The unusually warm fall weather brought a noticeable increase in people coming to the Emergency Department (ED) with injuries from doing outdoor activities. Paramedics called in to the ED with a report about a middle-aged female who had sustained injuries in a bicycle accident.
The paramedics said the patient was confused, didn’t know what had happened to her, and had abrasions to her face and right side of her body. Bystanders on the trail where she was biking had found her lying unresponsive in a ditch on the side of the trail and called 911.
We assembled our trauma team in the ED and prepared for the patient’s arrival in our trauma resuscitation room. When the paramedics brought Amy in on the gurney, she was holding her dented helmet in her lap. The paramedics had put a collar around her neck to protect her neck while transporting her. I put my hands around the collar to stabilize Amy’s neck as we carefully moved her from the gurney to the ED bed and began to evaluate her.
We methodically evaluated Amy from head to toe, first checking her airway, assessing her breathing, and checking her circulation. These are the ABC’s of emergency medicine, and we evaluate them in this order with every patient. As we move through A, B and C we make sure there are no issues with that respective assessment and treat any emergent problems before we move on to the next step.
Amy was able to speak and easily open her mouth with no signs of trauma to her mouth or teeth. I listened to her chest with my stethoscope to ensure she had equal breath sounds on both right and left sides. We also checked Amy’s pulses in her wrists and feet and noted that they were present and symmetrical. She was put on a cardiac monitor and had her vital signs obtained.
We then proceeded with a more detailed head-to-toe evaluation of Amy.

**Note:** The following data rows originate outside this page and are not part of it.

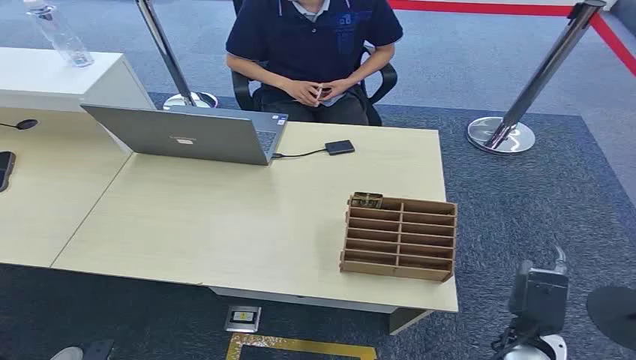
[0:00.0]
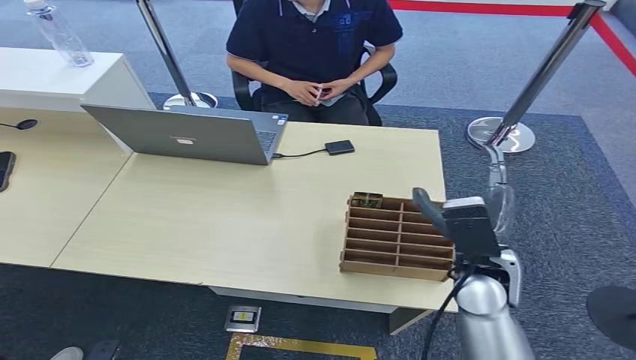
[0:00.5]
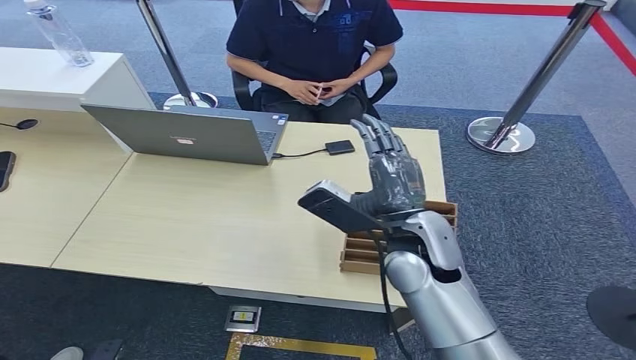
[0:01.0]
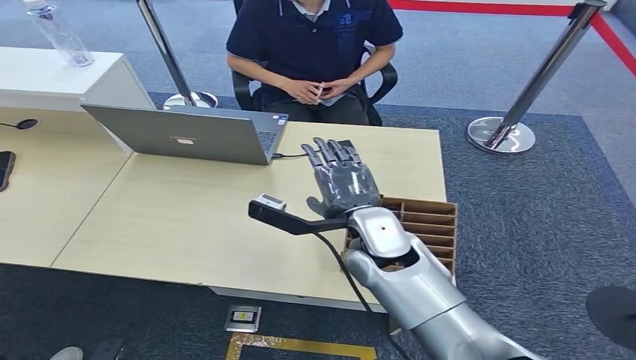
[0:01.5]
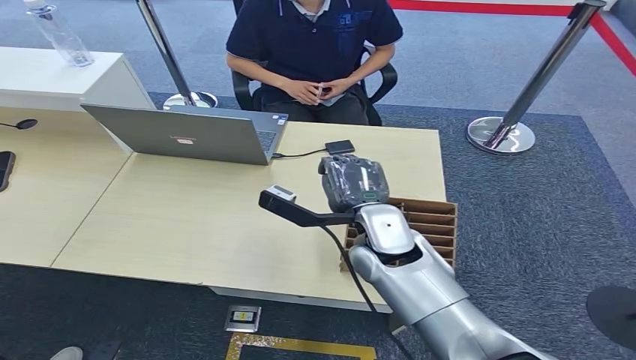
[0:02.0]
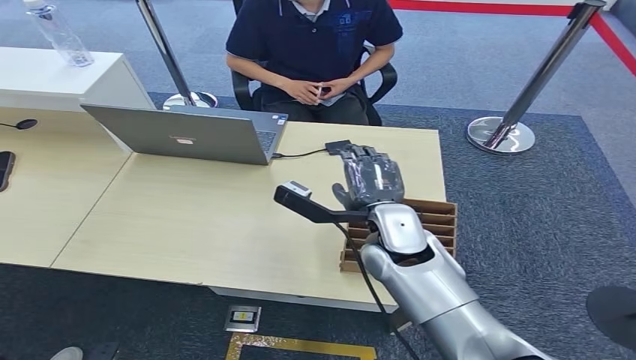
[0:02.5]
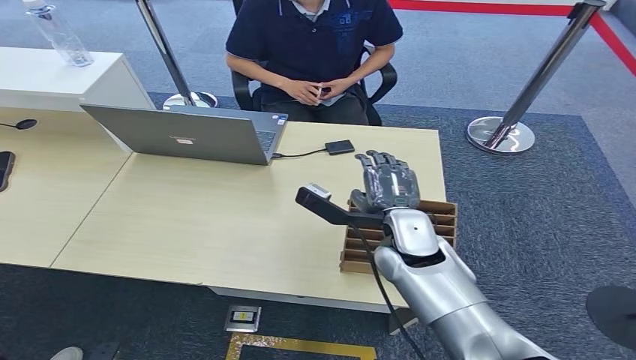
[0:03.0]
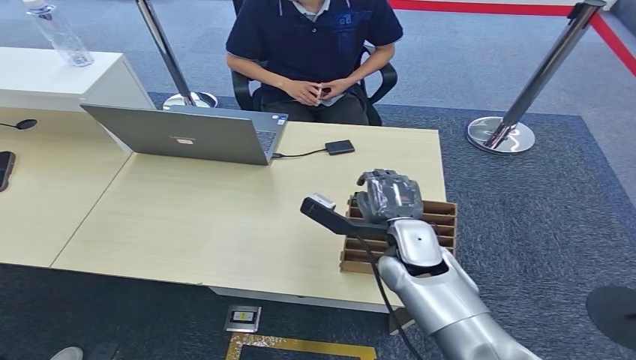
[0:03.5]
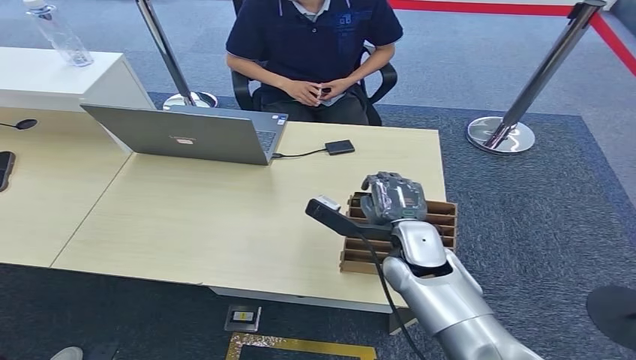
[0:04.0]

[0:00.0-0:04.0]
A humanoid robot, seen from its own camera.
0:02.0 to 0:04.0: The right hand travels to the right by approximately 5 cm.

She had abrasions to the right side of her forehead and her right cheek. Her pupils were equal and there were no other injuries to her head and face. She did complain of pain when I pressed on the bones at the back of her neck, so I resecured the cervical collar to protect her neck.
She had tenderness to the right of chest where she also had several abrasions, and she was tender in the right upper quadrant of her abdomen. She had abrasions to her right elbow and forearm as well as to her right hip, thigh, and knee. Amy had a lot of pain and swelling to her right wrist and complained of pain when she tried to move her hand.
Amy was able to follow all our commands when we asked her to do things as part of our assessment of her neurologic exam. When she first arrived, she was repeatedly asking what had happened because she couldn’t remember. We kept reassuring her that she was in the ED because she had been in a bicycle accident. Her mental status gradually improved, and while she still could not remember what had happened, she was aware of why she was in the ED.
We gave Amy pain medication and after getting several x-rays in our trauma room, she went to the radiology department for CT scans. Her imaging studies revealed numerous injuries: she broke her right wrist and several ribs on her right side. Her right lung did show some bruising where her ribs were broken but there was no further damage to her lungs. The scans of Amy’s head, abdomen, neck, and back were all ok, with no serious injuries found.
Amy’s wrist fracture was displaced and required the orthopedic surgeon to press on her fracture to improve the alignment of the broken bones before she had a splint placed on her wrist. As long her bones remained in the alignment they were in when the splint was placed, the orthopedic surgeon was hopeful Amy would not ultimately need surgery.
Amy was admitted to the hospital for close monitoring overnight. She was given an incentive spirometer, which is a small plastic device that helps to exercise your lungs. Using an incentive spirometer can decrease the risk of developing pneumonia by expanding the lungs, strengthening the lungs, and helping the patient to clear out mucous and secretions from the lungs. Amy required pain medications for her rib fractures and her wrist fracture.
She was seen in the hospital by a physical therapist, who helped her with her mobility with the limitations of not being able to use her right wrist. She also saw the occupational therapist, who evaluated her cognitive function due to her concussion. They recommended she avoid prolonged exposure to cellphone, television and other screens and in the following few days allow her brain to rest and recover from her injury.
By the following afternoon, Amy was able to walk around the unit without difficulty. She had been to the cafeteria with her husband and was able to eat and drink using her left hand. Her husband had gone to the trail to pick up her bike and he said that he thinks her crash was due to her brakes locking up. He had noticed a skid mark on the trail that led to where Amy and her bike were found on the side of the trail and her bike frame was not damaged. He was so grateful she was wearing her bike helmet, which likely prevented a more serious head injury.
Amy was discharged home from the hospital that evening and had an uneventful recovery. Her husband had already bought her a new bike helmet for when she was able to get back outside on her bike in the spring. She planned to spend the next few winter months doing her exercise at the indoor pool as she allowed her body to fully recover.
Dr. Erika Kube is an emergency physician who works for Mid-Ohio Emergency Services and OhioHealth.